Her postgraduate research has seen her lead a long-term field study on soil and catchment hydrology in Southland. The findings will help understand the role mole and tile drains play in Southland’s unique landscape.

“I’m thrilled to have been selected as the recipient of the NZSSS Fertiliser Association Postgraduate Bursary, it is an honour that I will cherish for the rest of my career,” says Kirstin. “I love working with soils and my career objective is to apply my field, research and management skills towards supporting the sustainable management of New Zealand’s soil resources.”

“My PhD has been challenging but also so rewarding, and this award is a real confidence boost as I prepare to start my new career at Manaaki Whenua Landcare Research in February. I wouldn't be where I am without the support of my many great mentors, friends and colleagues, who have given me so much of their time and energy to help turn ideas into reality and put it all into the written word!

 “It's truly been the best experience of my life and I am really looking forward to where it is going to take me.”

 Kirstin was nominated by Peter Almond, Associate Professor, Department of Soil and Physical Sciences at Lincoln University.
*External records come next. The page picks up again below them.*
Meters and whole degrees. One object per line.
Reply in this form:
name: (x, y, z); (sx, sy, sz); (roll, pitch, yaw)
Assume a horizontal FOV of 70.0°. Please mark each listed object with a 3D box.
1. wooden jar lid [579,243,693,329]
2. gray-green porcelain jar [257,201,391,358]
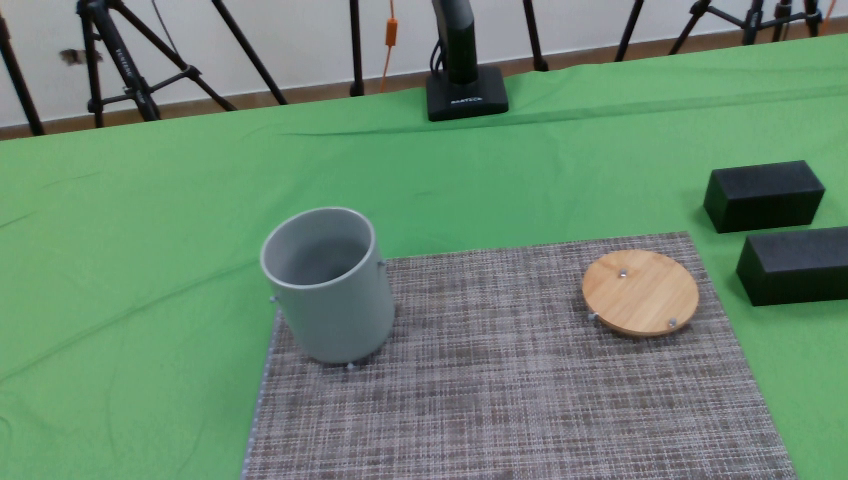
wooden jar lid: (0.210, 0.047, 0.605); (0.108, 0.021, 0.107); (-5, 46, 6)
gray-green porcelain jar: (-0.090, 0.043, 0.584); (0.106, 0.128, 0.105); (-5, 45, 5)

He described her to the judging panel as a “highly adept scientist capable of complex quantitative analysis of soil-hydrological systems”.

“I think she is a deserving recipient.  The prestige of the award would further her goal of securing a position working professionally in soil science in New Zealand so that she can contribute to environmental sustainability of our primary industries.”

Fertiliser Association chief executive Vera Power described Kirstin’s research as “hugely important”.

“The more we can understand what’s happening in our soils and catchments, the better placed our primary sector will be to improve farm management, all while protecting the environment.”  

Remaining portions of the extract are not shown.